# Help With A Biting Little Dog!



## chowder (Sep 7, 2008)

I have a dog training problem that I could use some help solving. When my niece left home she decided she had to get a puppy. She had never raised a dog before and had never even lived in a home with a dog really (my sister is not an animal person - go figure!). So of course she went to a backyard breeder in Oregon and got a Lhasa Apso puppy because they are cute.

Fast forward 8 years. Now it is an 8 year old Lhasa Apso that bites people whenever they do anything to it that it doesn't want done. This dog is petrified of other dogs, it can't even go in with the other dogs for playtime at Petsmart when they board it there. I have insisted it learn to be around Rocky so now it tolerates being with him. (Rocky is so mellow with other dogs that it really wasn't hard for it to learn to be with him.)

My niece moved away a few months ago and left the dog with my sister.

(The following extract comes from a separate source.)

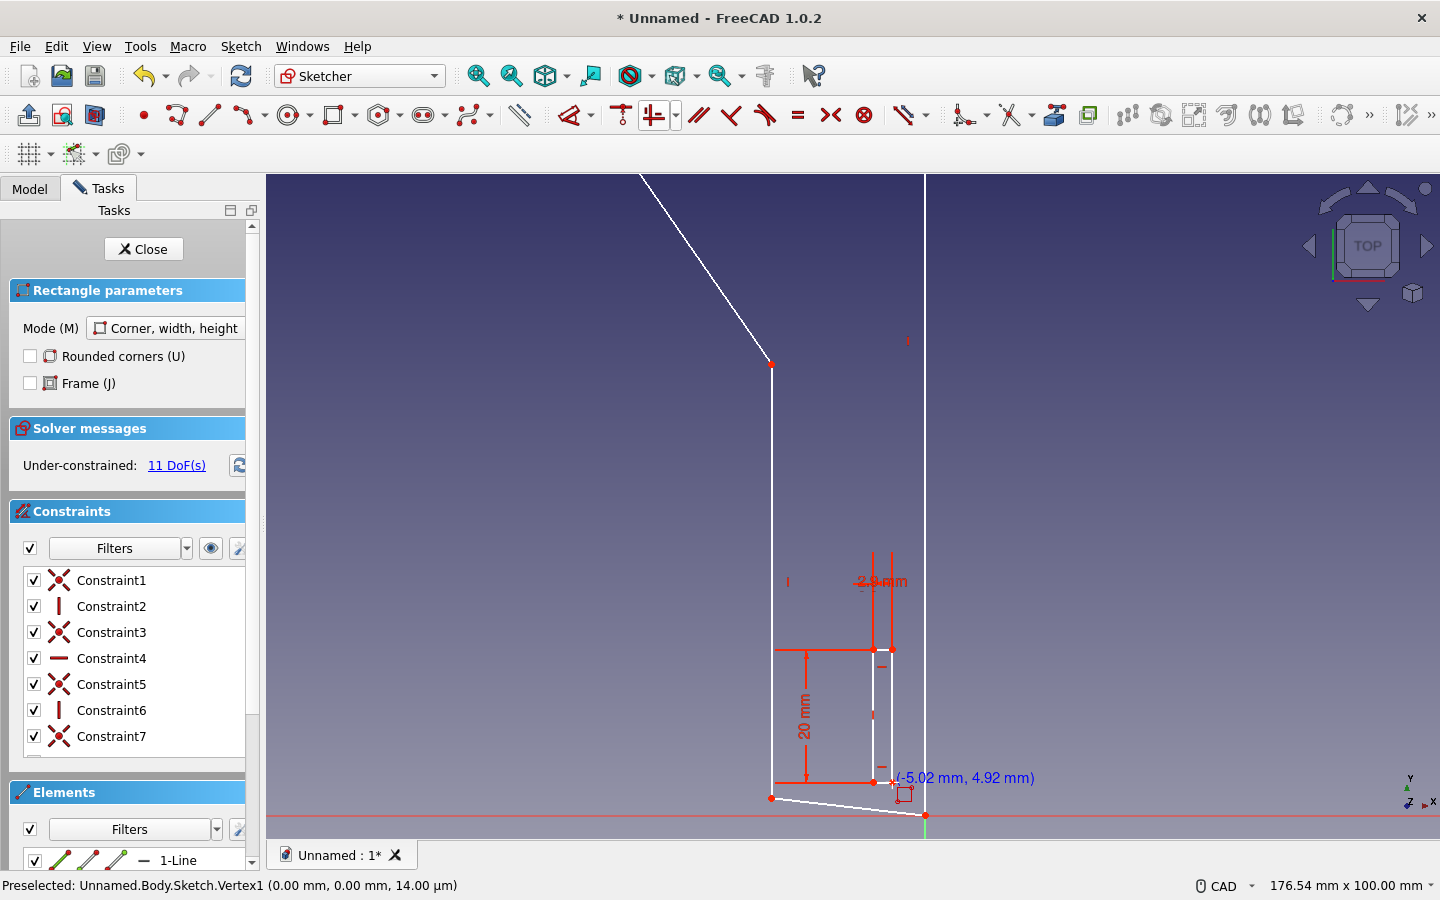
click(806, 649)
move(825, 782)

She can only do certain things to the dog or else it bites her. For awhile she couldn't even put a leash on it so I showed her the old 'loop the leash around the neck' trick and then hold the dogs head away from you while you pick it up. Once the dog is on the table, she is practicing brushing it and trying to handle it but it is snapping more and biting at her more.

Next month I have to watch this dog in my house for three weeks while my sister goes to Europe. 

So, how do I train this dog? How can I teach my sister to train this dog when she has never really owned a dog in her life? How can you use positive training on a nasty little 8 year old dog that is biting you when all your instincts want to smack it :biggrin: I've actually tried a few times using positive training and treats and it will grab the treat and growl at me. It knows the commands sit, and lay down and will do them for me. It understands perfectly, and it will do them and get the treats and then growl and snap. If you pet it on it's head and stroke it too far down it's back, it will bite you. If you go near it's treat or chew bone, it will bite you. If you try and put a leash on it, it will bite you. Forget about putting eye drops in its eyes or anything like that. I"ve always raised dogs from puppies and I"ve had a growling Lhasa but she was 8 weeks old and I took care of that long before it ever became a problem. 

I told her yesterday to take the dog to a trainer. But I get the dog in a month for three weeks at my house so is there a book I can get her in the meantime and are there suggestions for what I can do with it at my house? I'm not sure exactly how I"m suppose to live with it for three weeks with my other dogs and she can't afford to put it in a kennel for three weeks - my first thought.


----------



## RawFedDogs (Jun 16, 2008)

chowder said:


> So, how do I train this dog?


The problems you describe with this dog are not training problems. They are behavior problems. They are much more complicated to handle. For example, the dog already knows how to "not bite". You have to modify it's behavior to not to want to bite and thats not nearly as simple as teaching "sit".



> How can I teach my sister to train this dog when she has never really owned a dog in her life?


With this dog, she doesn't stand a chance. She needs a good qualified certified behaviorist. Frankly I don't think she cares enough to go to the trouble to work on these problems.



> How can you use positive training on a nasty little 8 year old dog that is biting you when all your instincts want to smack it :biggrin: I've actually tried a few times using positive training and treats and it will grab the treat and growl at me. It knows the commands sit, and lay down and will do them for me. It understands perfectly, and it will do them and get the treats and then growl and snap. If you pet it on it's head and stroke it too far down it's back, it will bite you. If you go near it's treat or chew bone, it will bite you. If you try and put a leash on it, it will bite you. Forget about putting eye drops in its eyes or anything like that. I"ve always raised dogs from puppies and I"ve had a growling Lhasa but she was 8 weeks old and I took care of that long before it ever became a problem.


This dog is a perfect canidate for very strict NILIF. If you don't know the term, google it and you will learn more than you want to know. :smile:



> I told her yesterday to take the dog to a trainer. But I get the dog in a month for three weeks at my house ...


Lucky you!! :biggrin:



> so is there a book I can get her in the meantime and are there suggestions for what I can do with it at my house?


I would study and understand the principles of NILIF. It's going to be all this dog will understand considering his breeding and upbringing.



> I'm not sure exactly how I"m suppose to live with it for three weeks with my other dogs and she can't afford to put it in a kennel for three weeks - my first thought.


It's not going to be easy. I would get a large crate and use it A LOT!


----------



## chowder (Sep 7, 2008)

I thought about NILIF for this dog. I don't know a whole lot about it because I use clickers and treats but I will start researching it now. I have a medium dog size crate and will use it for this dog. It has never been crated in it's life but there's always a first time for everything. Unfortunately this is my OLDER sister so I have a hard time convincing her that anything I tell her is right. Maybe once she gets enough teeth marks in her, she'll start to listen to me:biggrin: Thanks for the ideas.


----------



## harrkim120 (Feb 2, 2010)

Scruff also makes an excellent handle. :wink: LOL j/K


----------